Zoo tiger kills cub

Four-year-old tiger named Zayana arrived at Auckland Zoo in November last year. Photo: Auckland Zoo
Four-year-old tiger named Zayana arrived at Auckland Zoo in November last year. Photo: Auckland Zoo
A Sumatran tiger at the Auckland Zoo has killed one of its cubs just after giving birth.

The four-year-old tiger named Zayana arrived at the zoo in November last year from Topeka Zoo and Conservation Centre in Kansas.

On Friday, the first-time mother gave birth to two cubs, with one of them dying during delivery.
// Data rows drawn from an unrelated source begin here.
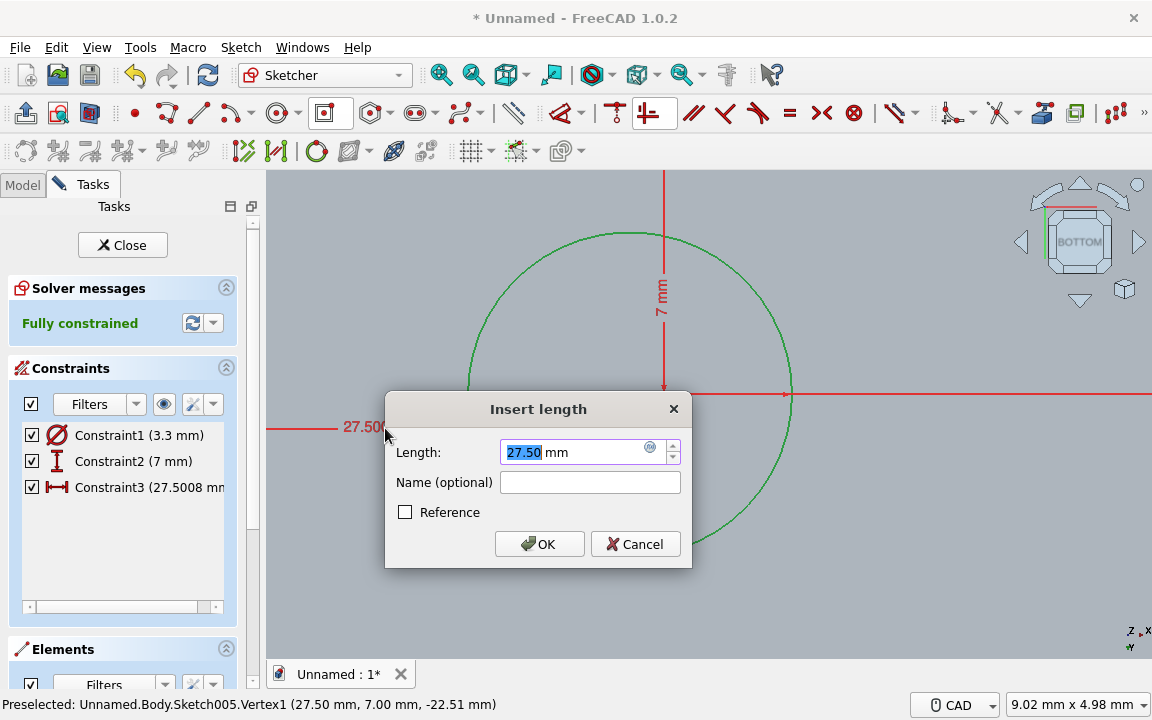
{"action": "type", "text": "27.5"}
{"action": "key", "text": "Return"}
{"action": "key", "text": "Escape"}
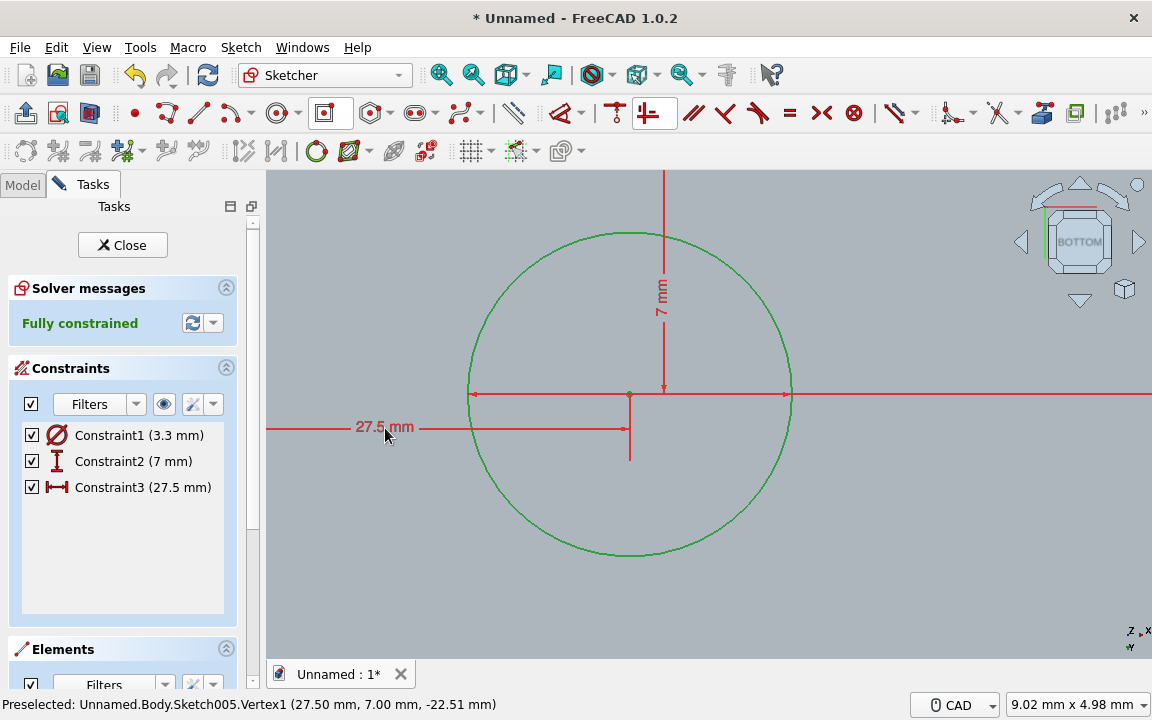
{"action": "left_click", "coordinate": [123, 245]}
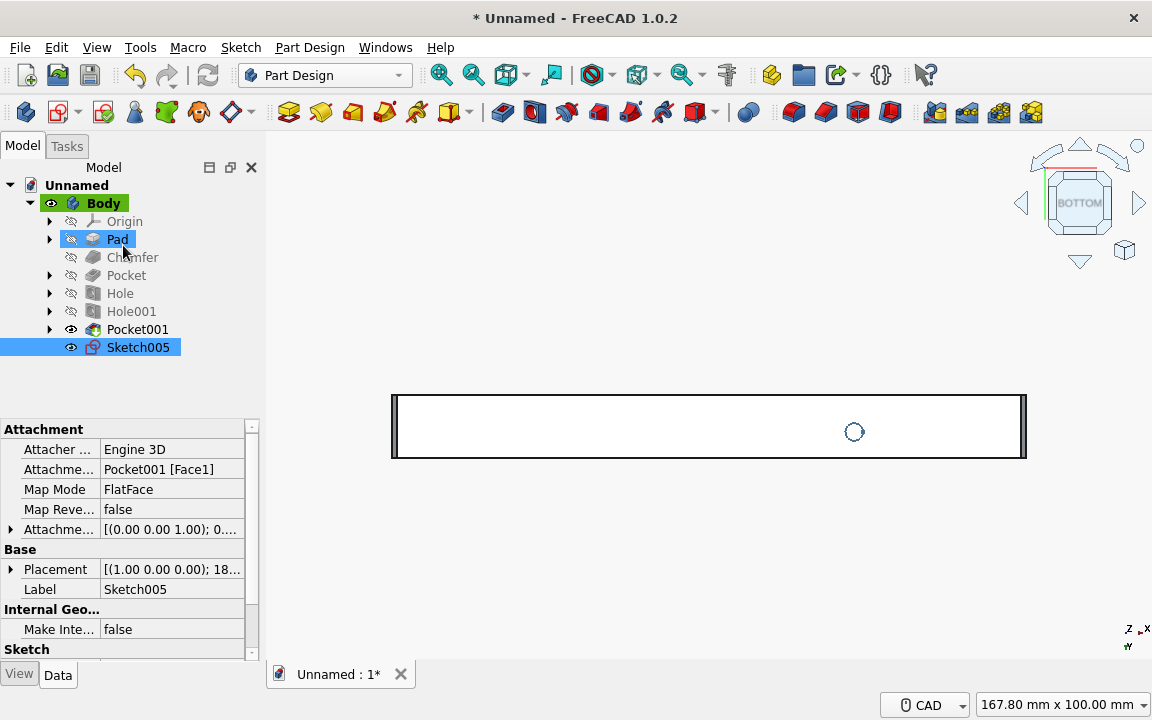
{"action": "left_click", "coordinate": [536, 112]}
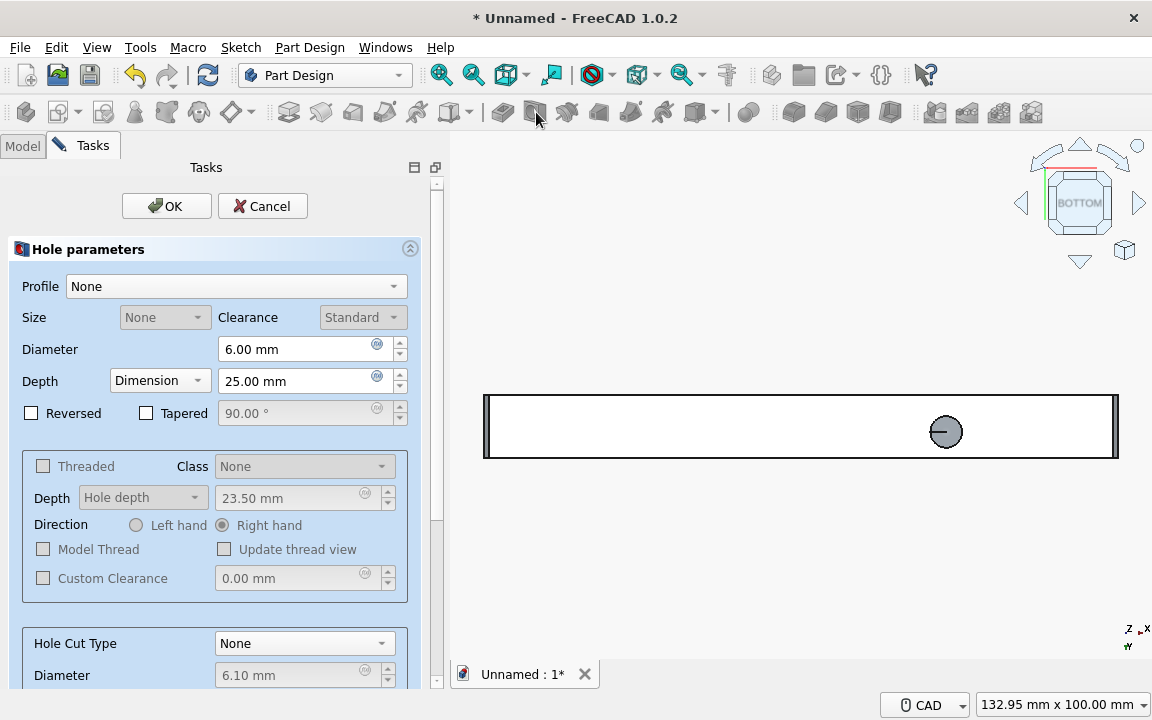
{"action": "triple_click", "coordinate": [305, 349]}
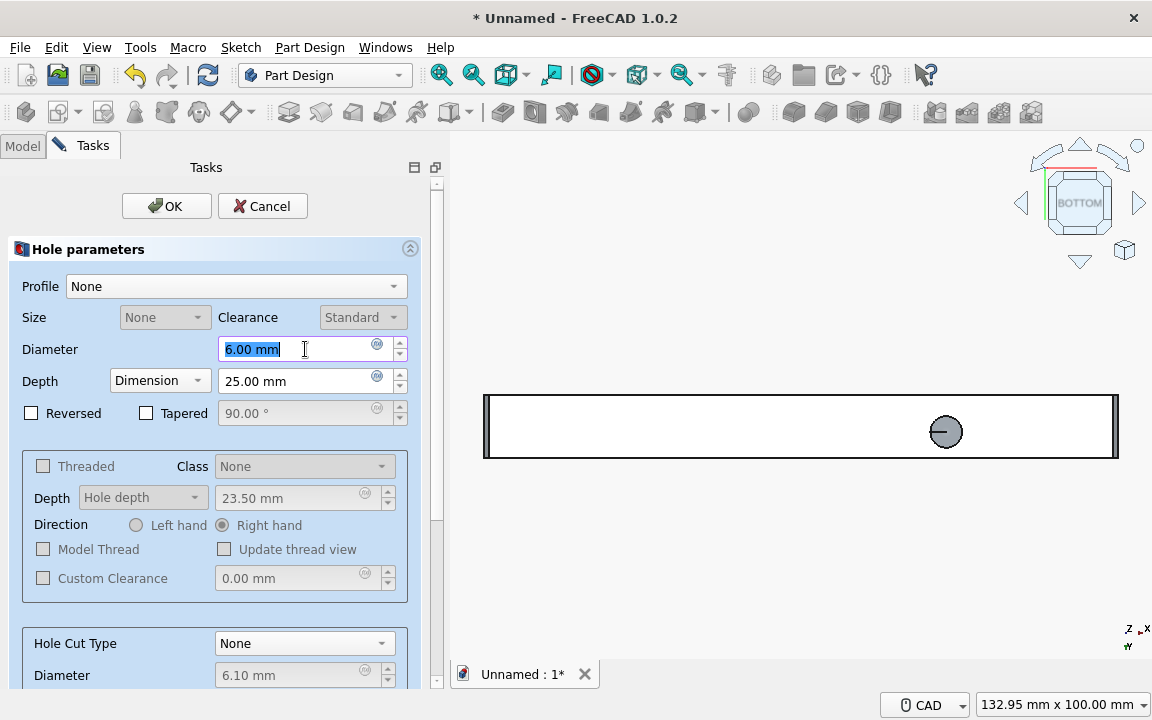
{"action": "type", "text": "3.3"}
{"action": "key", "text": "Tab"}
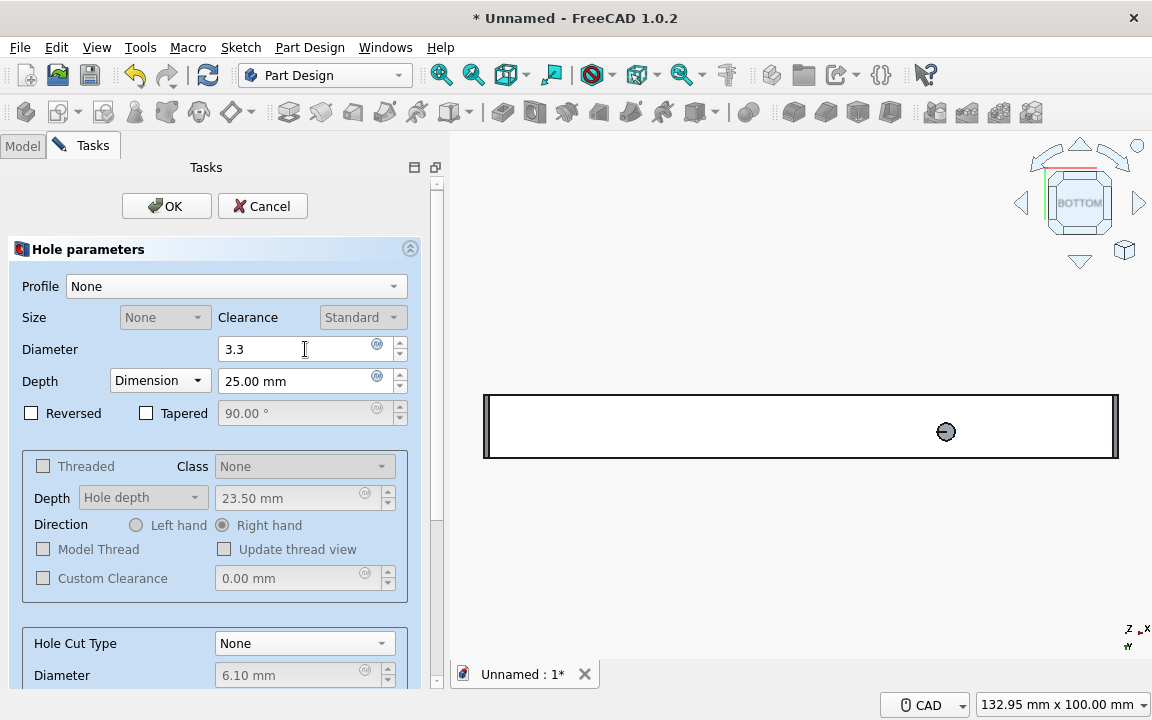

Left with only one offspring, the tiger killed the cub overnight.

Auckland Zoo senior keeper of the carnivore team Nick Parashchak said when only one cub was born, it was not unusual for a tiger mother to kill it.

"If there's only one cub, they have to invest in raising it, and that means that they don't get to breed for another two years.

"It's a lot of energy expenditure in that one cub so it's not really beneficial for the survival rate of the species."

He said although unfortunate, the incident was not uncommon in the wild.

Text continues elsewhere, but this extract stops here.